Apple
Apple on Thursday announced the appointment of James Bell, formerly of Boeing, to its board of directors. Bell is the first African-American to serve on Apple's board. Robert Galbraith/Reuters

Two Silicon Valley giants are taking strides toward diversity this week, with Apple adding James Bell, an African-American business executive, to its board of directors while Dropbox has hired Judith Michell Williams, an African-American woman formerly with Google, to serve as its global head of diversity.

Apple's appointment of Bell, who previously served as the chief financial officer and corporate president of Boeing, makes him one of the few underrepresented minorities serving at the board level of any tech company. Apple has committed itself to bring more diversity to the workplace, this time doing so at its leadership level.

“James brings a wealth of global, financial and industrial experience from his successful career at Boeing as corporate president and CFO,” Apple CEO Tim Cook said in a statement. “I am thrilled to welcome him to Apple’s board of directors and I look forward to working with him.”

James Bell
James Bell, previously a top executive at Boeing, has been appointed to Apple's board of directors. Bell is the only African-American on the company's board.
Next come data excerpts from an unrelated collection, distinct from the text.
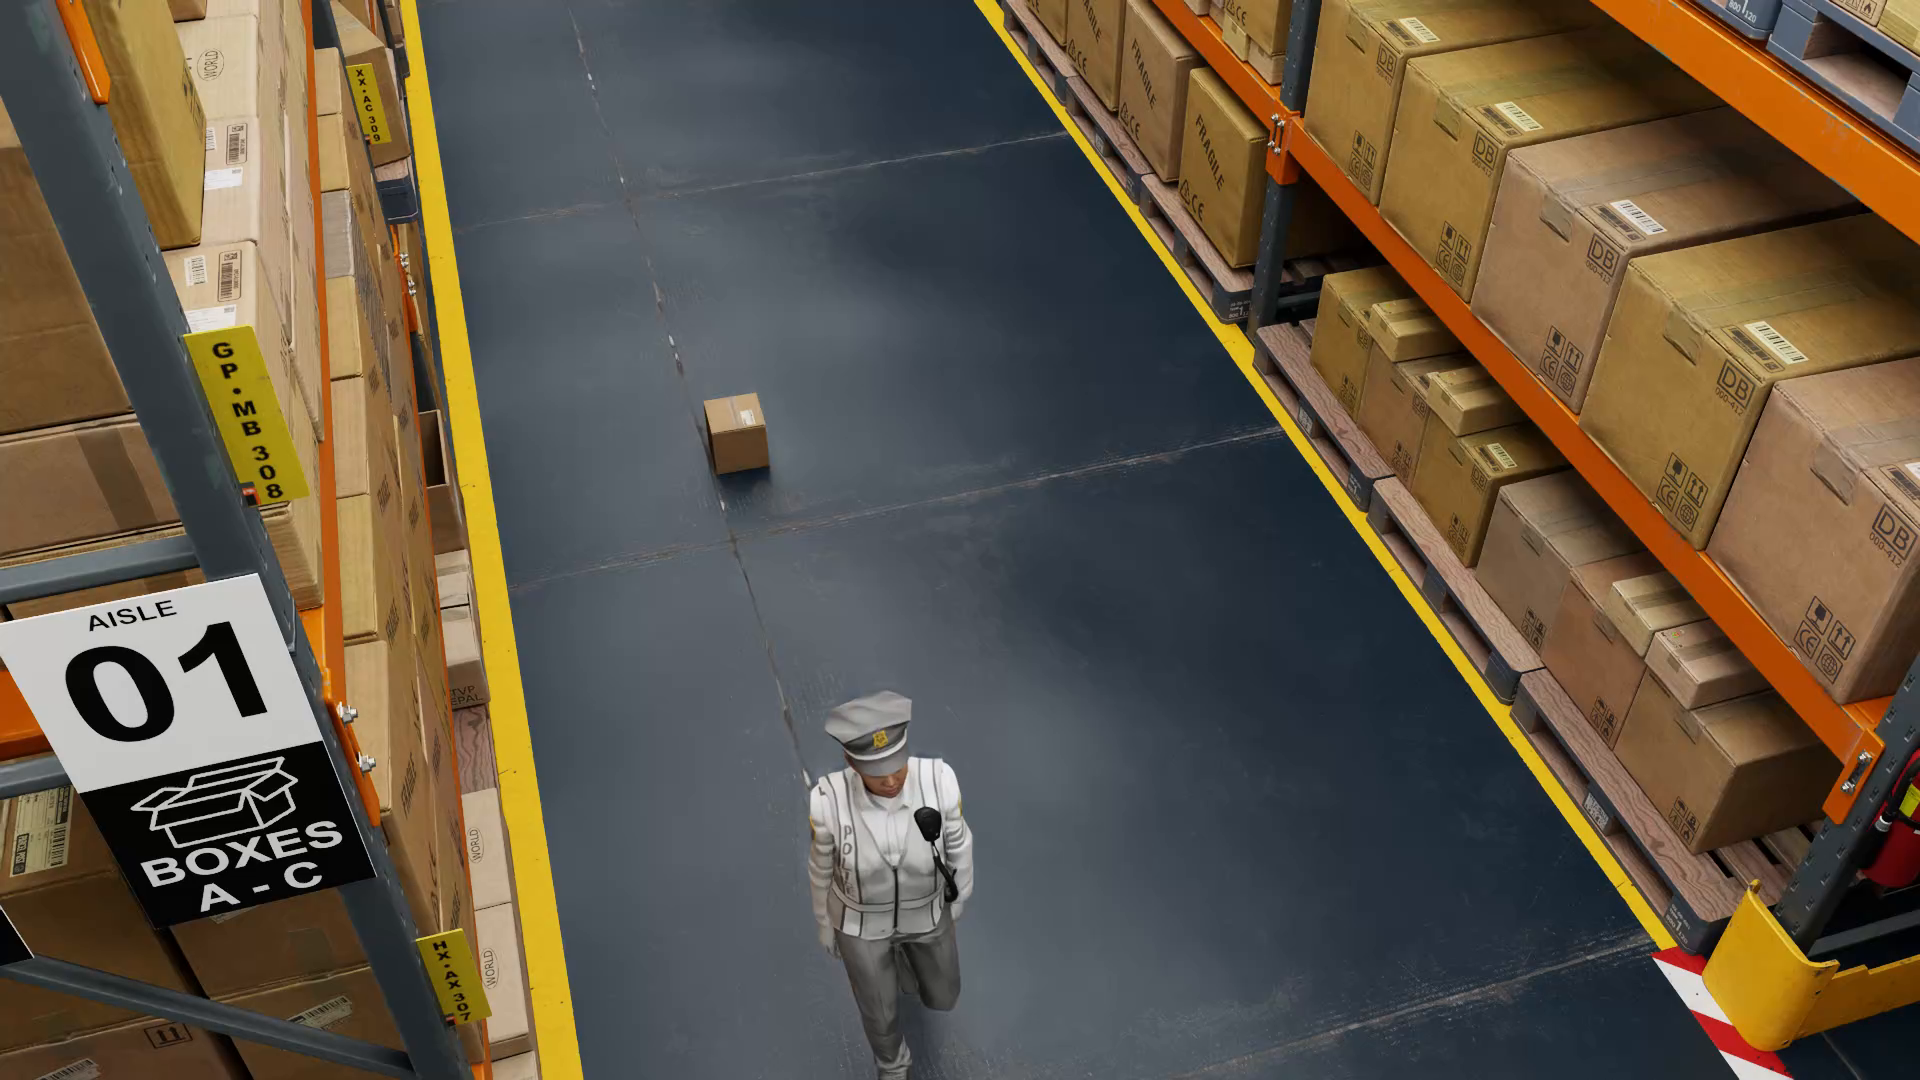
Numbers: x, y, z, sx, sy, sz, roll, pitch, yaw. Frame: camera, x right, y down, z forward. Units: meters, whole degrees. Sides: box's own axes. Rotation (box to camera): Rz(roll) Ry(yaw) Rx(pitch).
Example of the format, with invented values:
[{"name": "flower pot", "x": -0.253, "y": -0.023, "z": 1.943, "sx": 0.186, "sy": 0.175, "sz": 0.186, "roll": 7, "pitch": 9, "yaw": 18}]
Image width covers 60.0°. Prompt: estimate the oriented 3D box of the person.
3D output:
[{"name": "person", "x": -0.192, "y": 0.878, "z": 4.742, "sx": 0.486, "sy": 0.618, "sz": 0.301, "roll": -8, "pitch": 43, "yaw": -9}]

Reuters

Up the road in San Francisco, Dropbox also made a significant executive move. Though the cloud-computing company has yet to announce Williams, sources with familiar with the matter confirmed the move to International Business Times.
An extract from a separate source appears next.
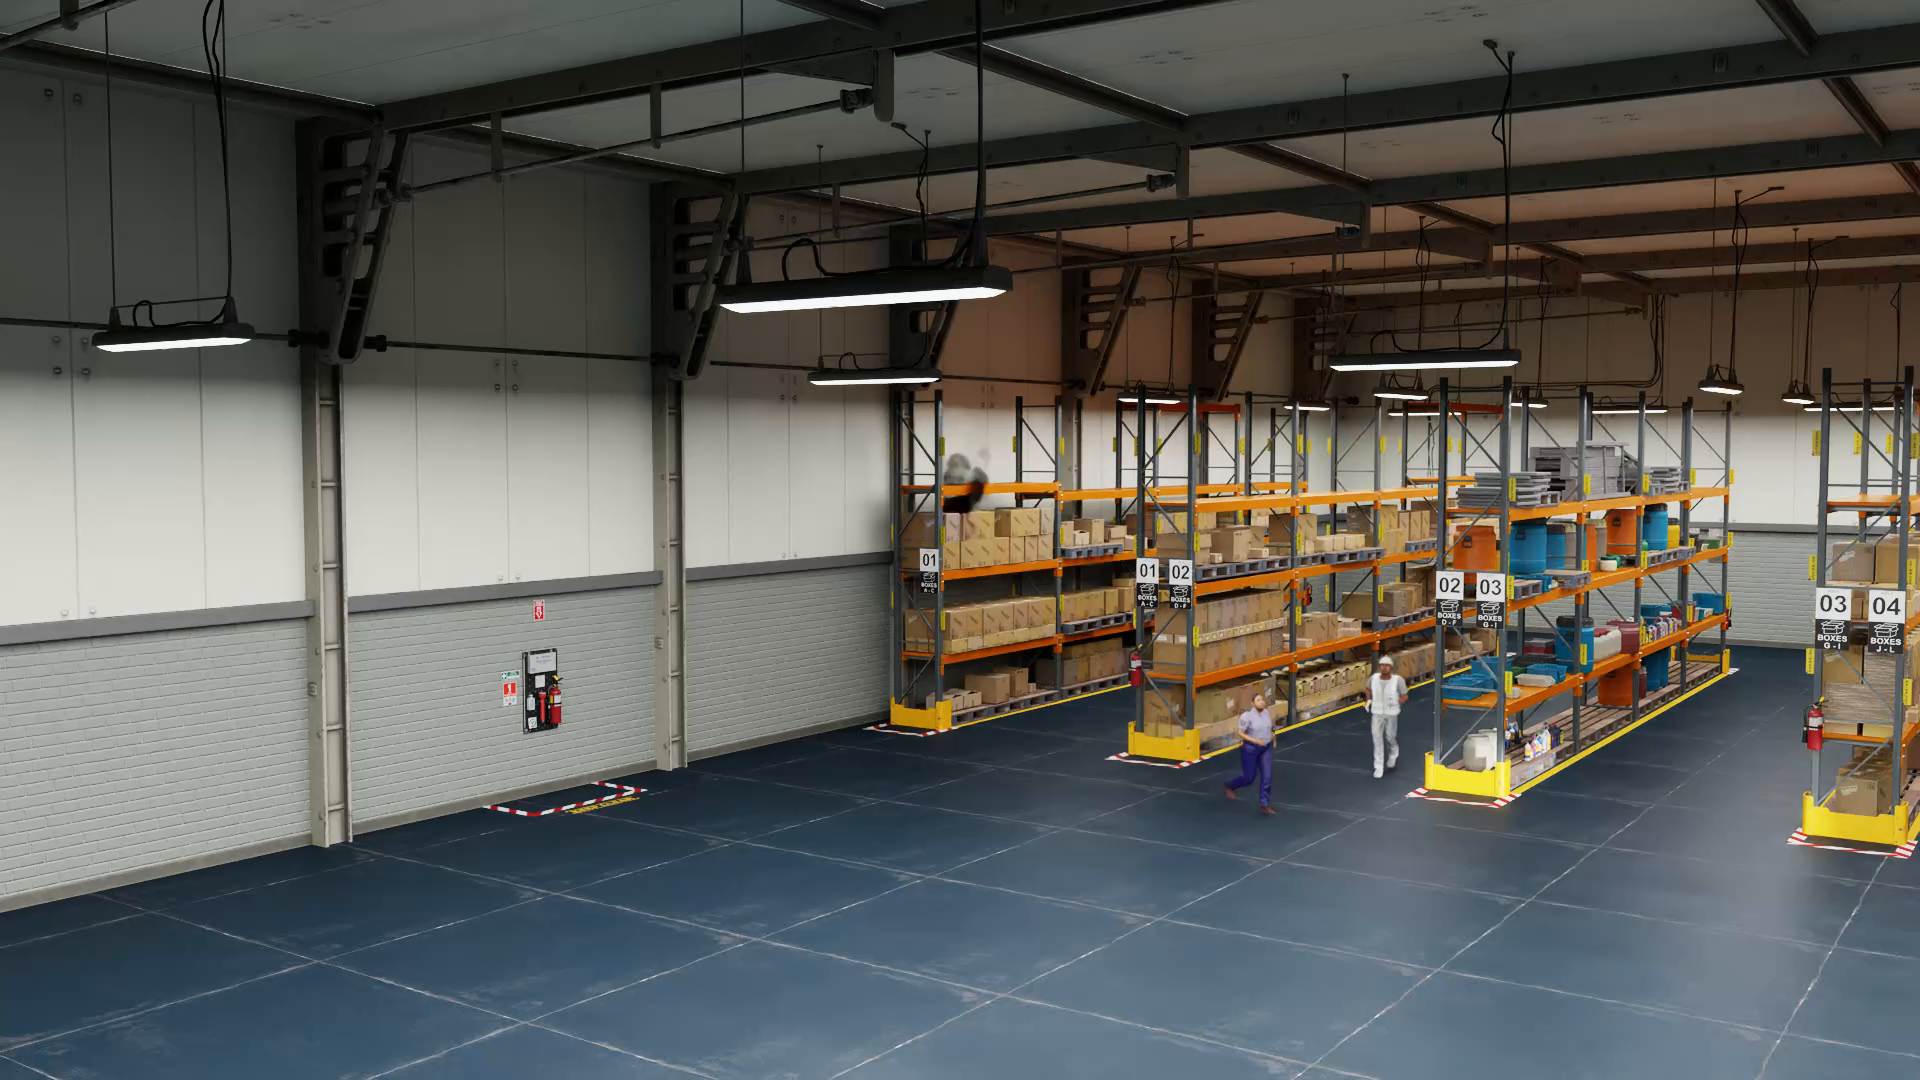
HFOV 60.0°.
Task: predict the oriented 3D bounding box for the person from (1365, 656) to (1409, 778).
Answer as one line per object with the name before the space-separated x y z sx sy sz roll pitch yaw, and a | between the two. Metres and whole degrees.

Williams comes to Dropbox after serving as global diversity and inclusion manager at Google for more than four years. She will be tasked with improving Dropbox's poor diversity figures (1 percent black, 4 percent Hispanic, 34 percent women) and drastically shifting Dropbox's company culture.

Both of these appointments were hailed by the Rainbow PUSH Colation and civil rights leader Rev. Jesse Jackson, who said these hires prove the tech industry does not have a talent-deficit problem but rather a lack of opportunities for women and underrepresented minorities. "You fish for fish, and there are fish," Jackson said. "You reach for talent, and talent exists. The talent does exist."

Besides Apple, Hewlett-Packard also recently brought more diversity to its leadership, adding several women and African-Americans to the boards of HP Inc. and Hewlett Packard Enterprise -- the two companies it will split into come November.